Chest Compressions and the 3:1 Neonatal Ratio

Chest compressions in neonatal resuscitation are a later-line intervention, used only when the heart rate remains below 60 bpm after 30 seconds of adequate positive-pressure ventilation (i.e., ventilation confirmed to be producing chest rise, not merely attempted). The cardinal rule is: ventilation is the priority. Most neonates respond to effective PPV alone; compressions are needed in <1% of deliveries.

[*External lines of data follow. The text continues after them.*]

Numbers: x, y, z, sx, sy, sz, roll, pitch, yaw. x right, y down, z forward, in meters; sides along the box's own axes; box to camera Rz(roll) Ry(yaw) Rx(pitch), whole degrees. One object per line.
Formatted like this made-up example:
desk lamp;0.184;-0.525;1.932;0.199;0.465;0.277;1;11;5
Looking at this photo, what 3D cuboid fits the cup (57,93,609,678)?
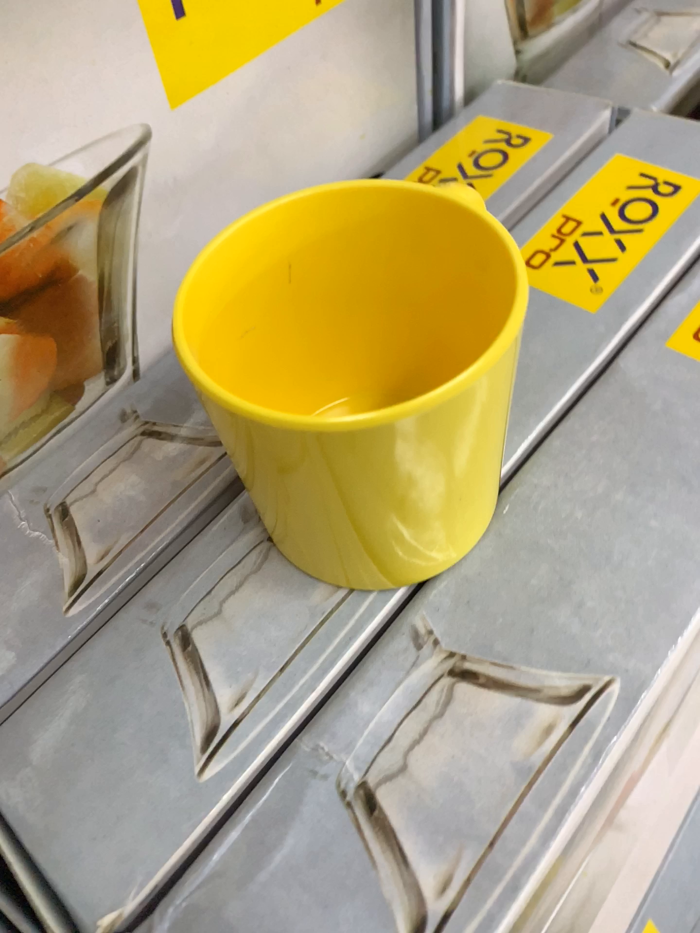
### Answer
cup;0.005;-0.023;0.179;0.070;0.079;0.100;22;57;22
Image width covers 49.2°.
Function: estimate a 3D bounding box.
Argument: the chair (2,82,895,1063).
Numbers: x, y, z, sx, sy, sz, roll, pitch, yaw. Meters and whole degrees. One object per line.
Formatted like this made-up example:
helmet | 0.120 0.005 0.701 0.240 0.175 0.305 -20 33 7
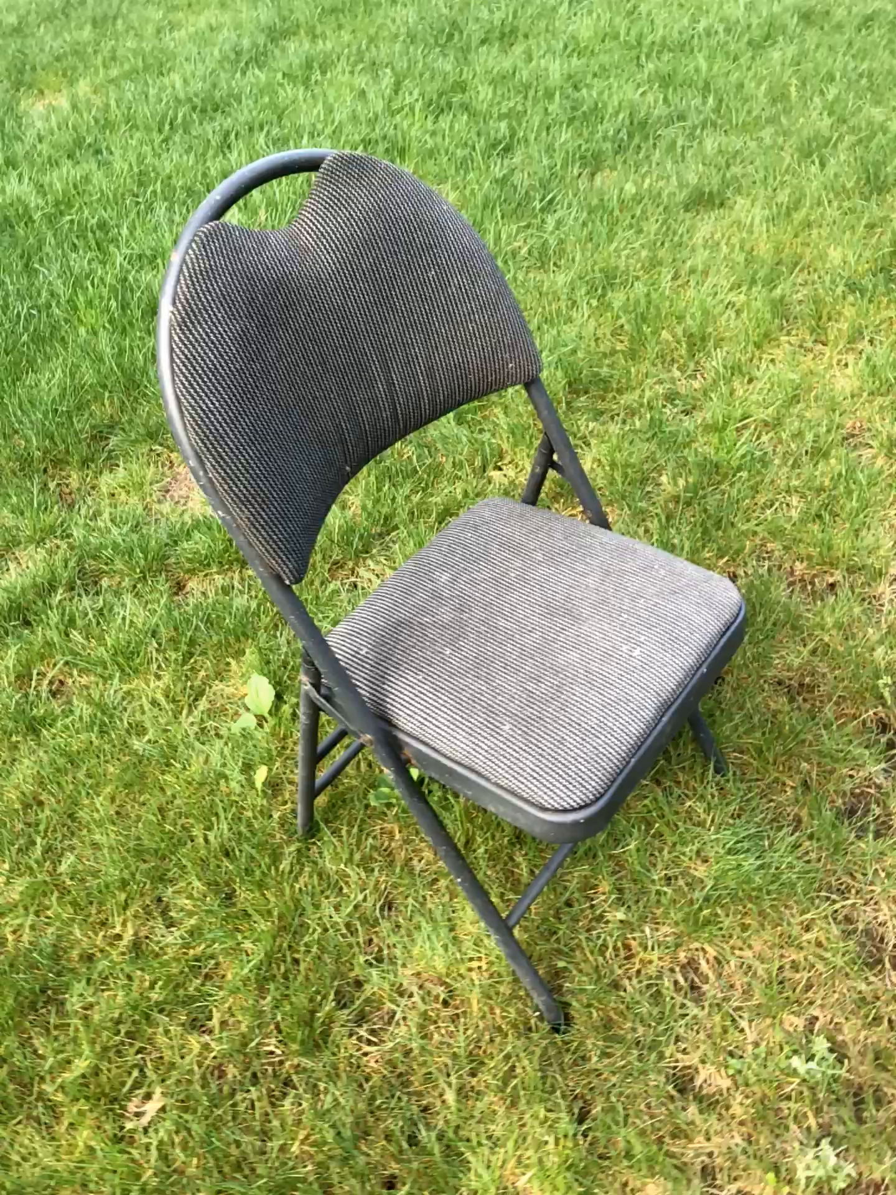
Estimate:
chair | 0.042 -0.026 1.114 0.572 0.814 0.532 27 54 30
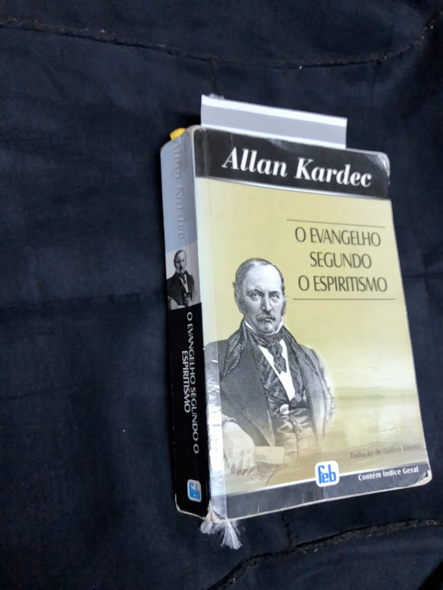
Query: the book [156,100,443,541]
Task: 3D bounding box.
[{"bbox_3d":[0.046,0.008,0.295,0.150,0.050,0.220,-1,79,-21],"label":"book"}]
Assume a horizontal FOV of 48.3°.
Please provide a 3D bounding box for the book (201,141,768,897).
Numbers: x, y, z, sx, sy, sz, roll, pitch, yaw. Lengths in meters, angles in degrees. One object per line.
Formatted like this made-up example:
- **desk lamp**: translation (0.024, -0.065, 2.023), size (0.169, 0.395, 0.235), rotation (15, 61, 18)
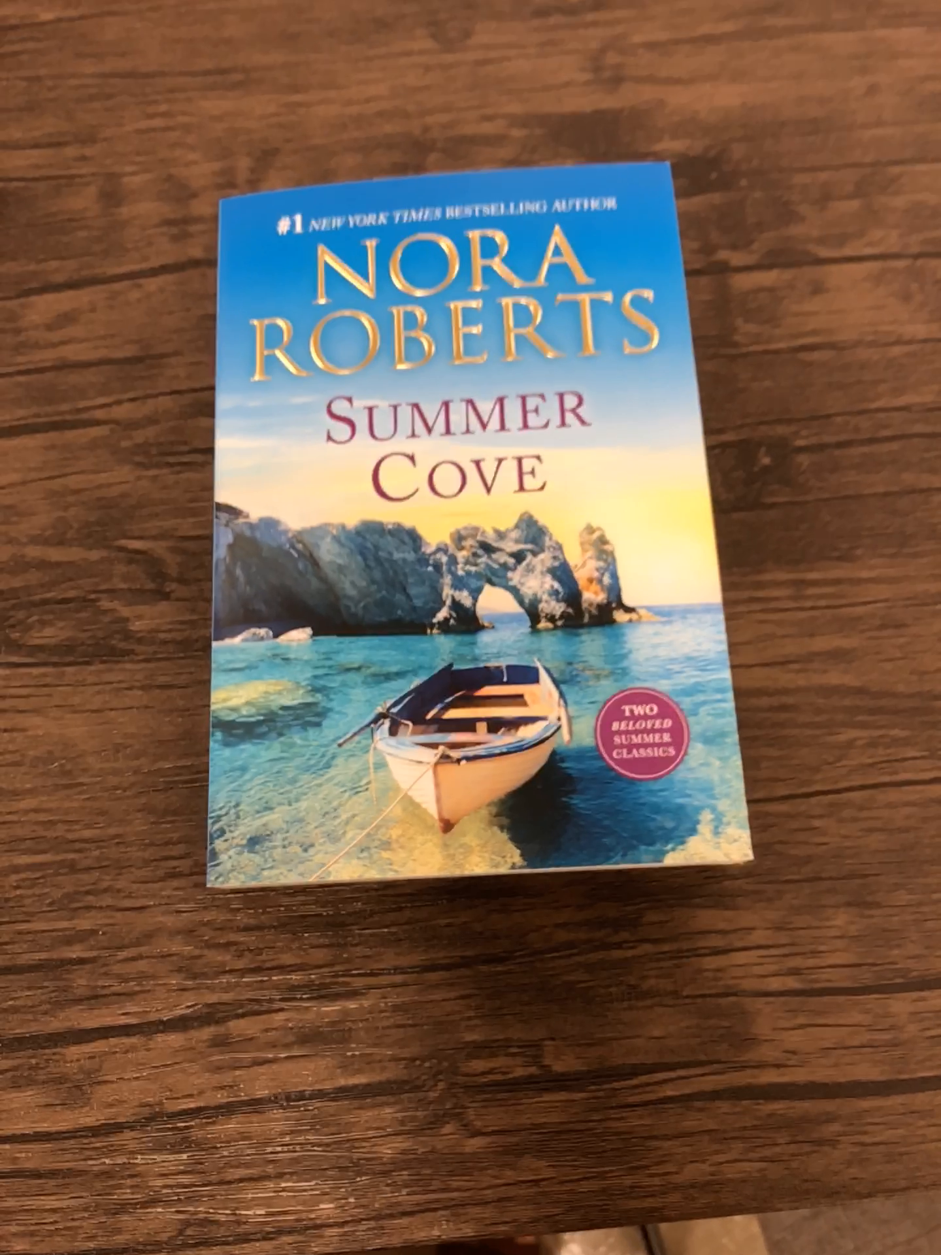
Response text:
- **book**: translation (-0.003, -0.034, 0.307), size (0.140, 0.043, 0.210), rotation (-4, 74, 0)
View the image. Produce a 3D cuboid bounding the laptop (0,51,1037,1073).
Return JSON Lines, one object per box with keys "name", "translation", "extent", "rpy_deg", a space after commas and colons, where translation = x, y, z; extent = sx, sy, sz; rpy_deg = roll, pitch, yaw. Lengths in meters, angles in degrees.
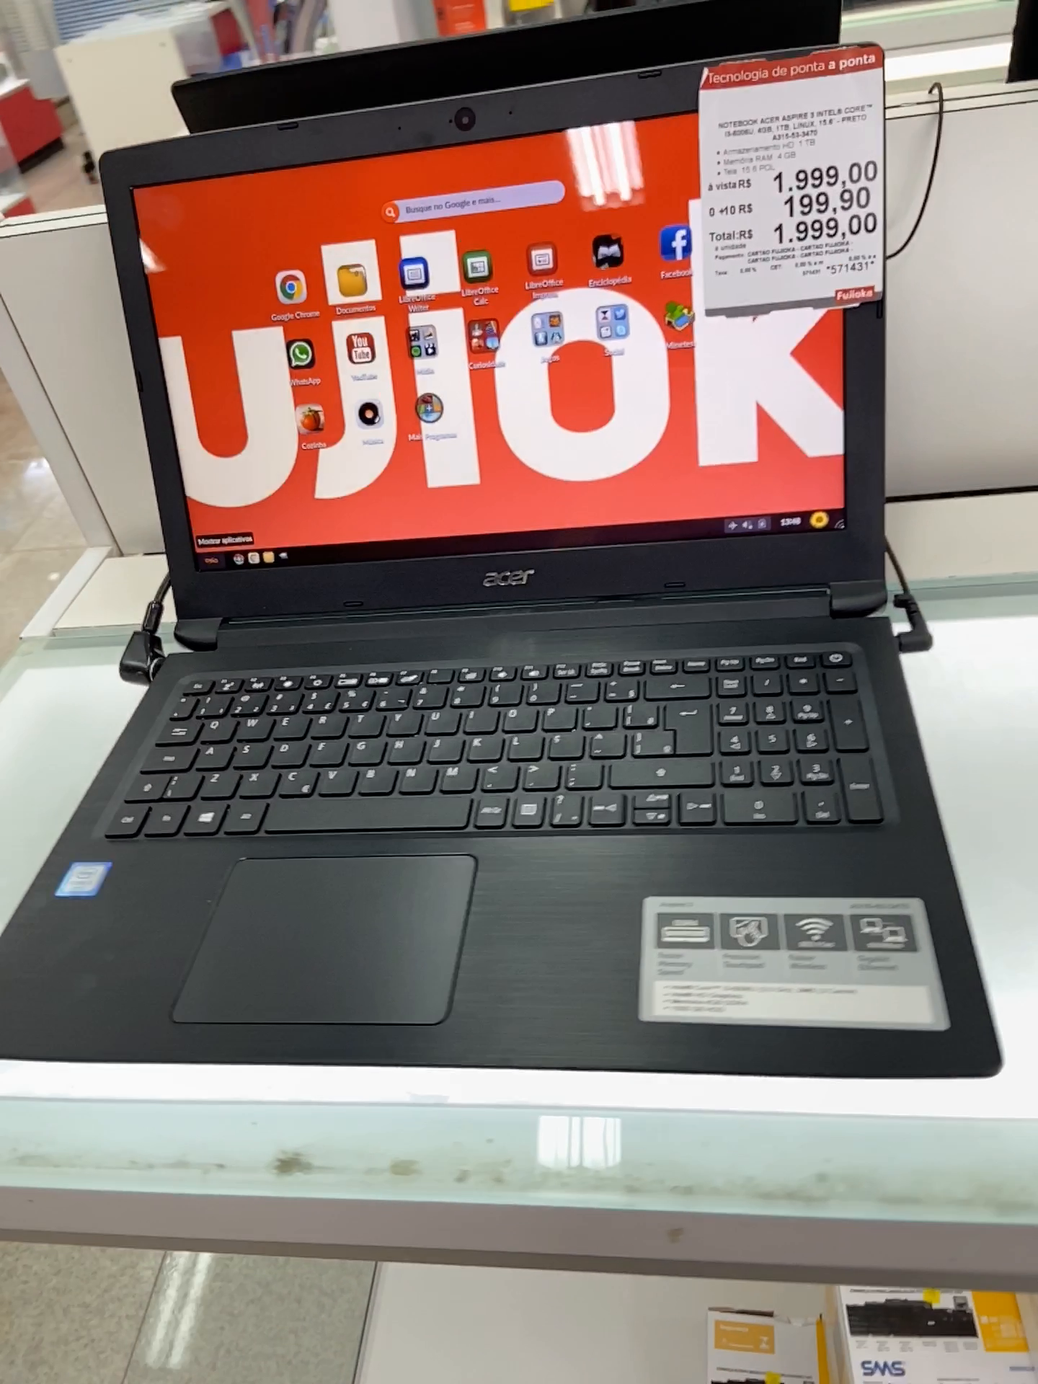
{"name": "laptop", "translation": [-0.033, -0.076, 0.446], "extent": [0.392, 0.230, 0.372], "rpy_deg": [-3, 39, 11]}

When compressions are indicated, use the two-thumb encircling technique as the preferred method in neonates: encircle the chest with both hands, thumbs placed on the lower one-third of the sternum (just below the inter-nipple line), fingers supporting the back. The two-finger technique (index and middle finger on the sternum) is acceptable if the resuscitator cannot encircle the chest (e.g., when umbilical venous access is simultaneously being obtained). Compress the sternum to a depth of approximately one-third of the anterior-posterior diameter of the chest. After each compression, allow full recoil — partial recoil reduces venous return.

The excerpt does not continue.